Although the model predicted that proximity to universities had the greatest influence on study location preference, the results also indicated higher study location density in areas of higher reptile species richness. Regions of high diversity are often targeted by researchers due to the increased chance of observations and the known success of previous recordings19,42,43. While research in such highly diverse areas has been vital in describing new species over the past several years10, prioritising such areas could lead to other regions being underrepresented in studies20. Our model provides an opportunity for researchers to identify future study locations that complement existing data and provide greater representation of all regions, while also highlighting areas that may be prone to oversampling. Of course, access in remote areas will continue to be a challenge and it is not surprising that research activity was associated with the human activity index. Researchers typically utilise road networks to access study areas unless the species of interest can also be recorded through airborne observations (e.g. waterbirds, large mammals)44,45. While future surveys might still rely heavily on road networks for access to regions, new technologies such as drones provide an opportunity to survey some large species in remote areas44.
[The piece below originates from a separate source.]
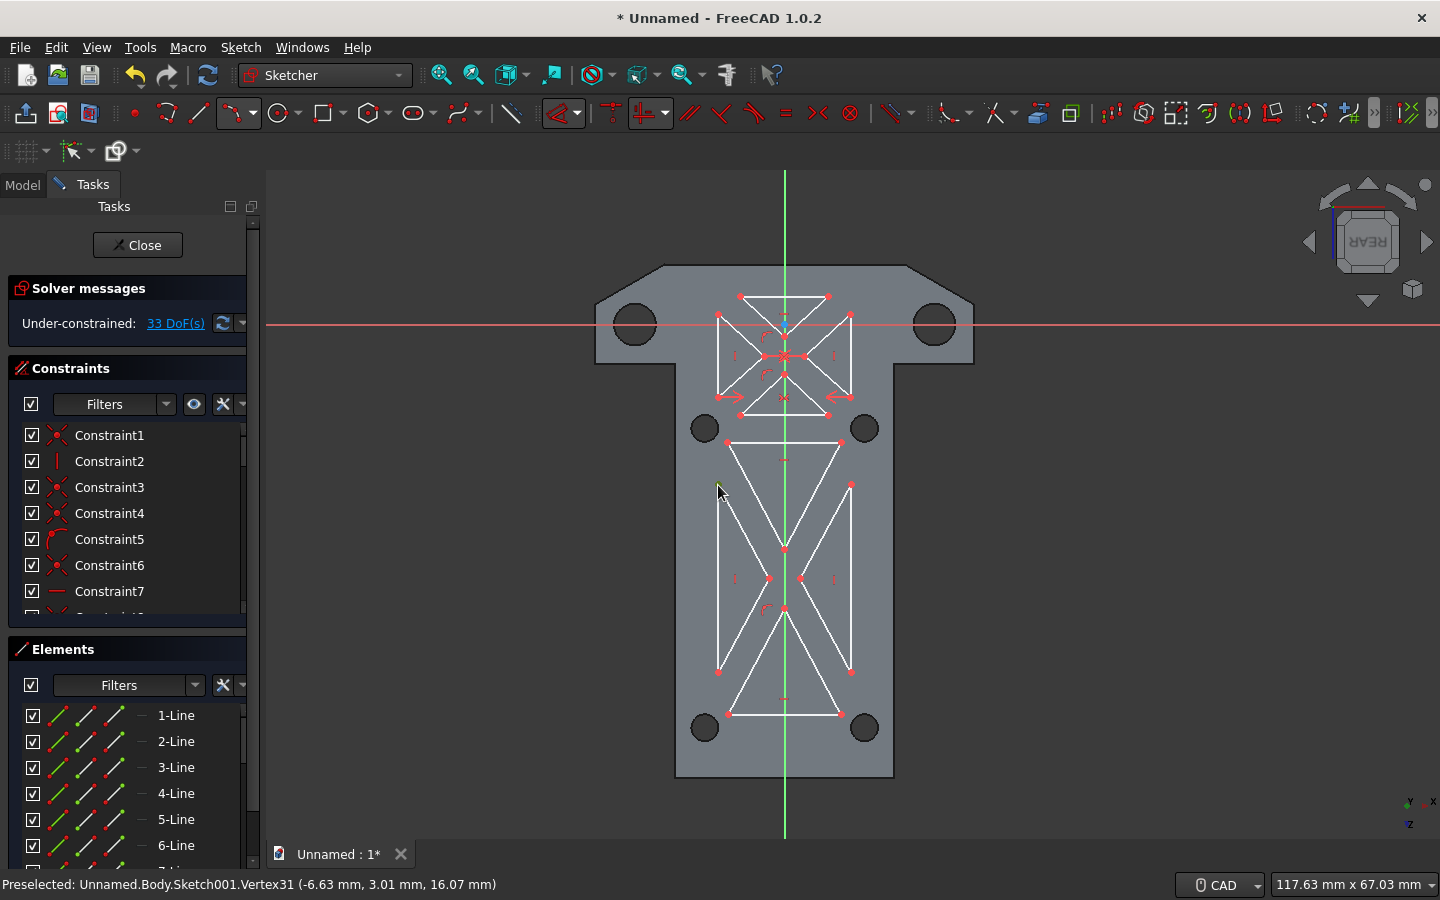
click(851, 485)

Protected areas alone are unable to maintain or conserve global biodiversity, emphasising the importance in thoroughly understanding the impact of threatening processes, and how to minimise such pressures46. Protected areas not only require an understanding from an ecosystem perspective, but finer scale interpretation of species-specific inhabitants is needed to provide sound planning for conservation strategies47. Our review found that study locations were generally not greatly influenced by protected areas, despite previous studies indicating an overrepresentation of ecological research in these areas5,20. Our model is also likely to overestimate the number of studies located in protected areas as no temporal correction was made for studies that were completed in areas prior to any protected area designation. This highlights that for reptiles at least, research effort has been more widespread in its coverage.
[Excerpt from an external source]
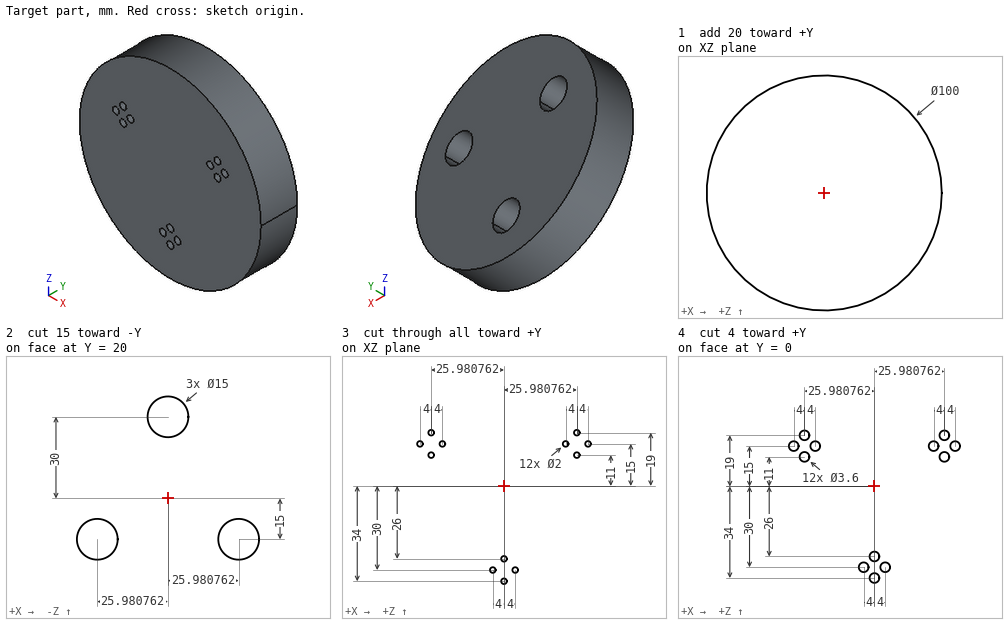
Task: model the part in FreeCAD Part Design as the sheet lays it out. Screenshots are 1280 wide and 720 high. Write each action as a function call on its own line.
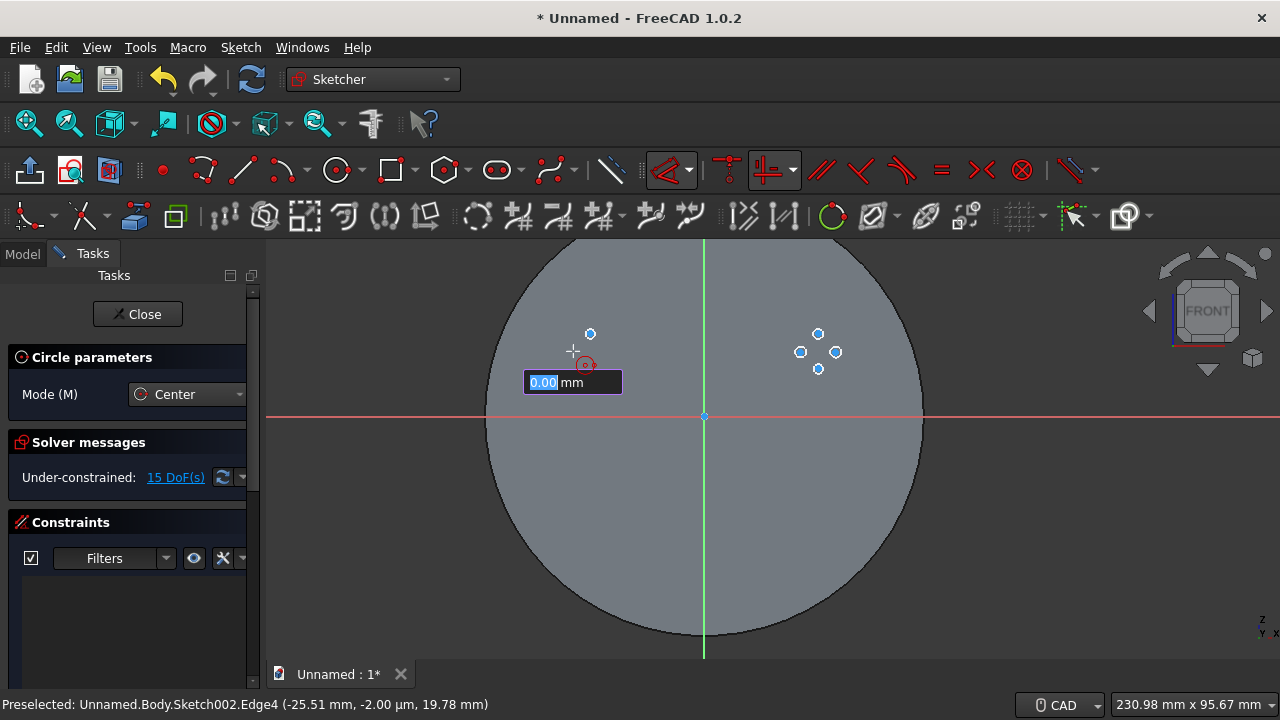
scroll(576, 348, up, 7)

Our analysis also identified those areas where there has been less research effort to date based on the Maxent model output as well as a subsequent distance-based assessment of each grid cell. These research ‘cold spots’ that comprise some ~5.6% of the Australian landscape are located in most Australian states and territories with only areas in Victoria, the ACT and Tasmania being adequately covered. Directing research effort to these ‘cold spots’ will assist in filling knowledge gaps for Australian reptile communities.

While it is important to understand the impacts from human disturbance and associated threats on ecological systems and biodiversity2,21, there is also a need to identify gaps in our knowledge that may impact on conservation decision making and landscape management. In this fine-grain continental analysis we have shown that social elements largely determine where research is conducted. However, our analysis also only reveals a static interpretation of the spatial distribution of reptile research. It may still be necessary to improve our understanding of the dynamism within fragmented landscapes amidst such regions that could provide vital information on the ecological status of reptiles. For instance, areas comprised mainly of agricultural lands can undergo changes in landscape components on a regular basis48. The mosaic landscapes can provide important habitats for many reptile species, and due to the ongoing disturbances in these regions, further ecological research is needed to gain a broader understanding of the overall biodiversity status5. We suggest that to successfully assess the ecological status of Australian reptiles, institutions and funding agencies need to support researchers in reprioritising study locations based on current spatial deficiencies. This will enable an unbiased measure of pressures and threatening processes across multiple scales and deliver stronger governance for their protection and conservation.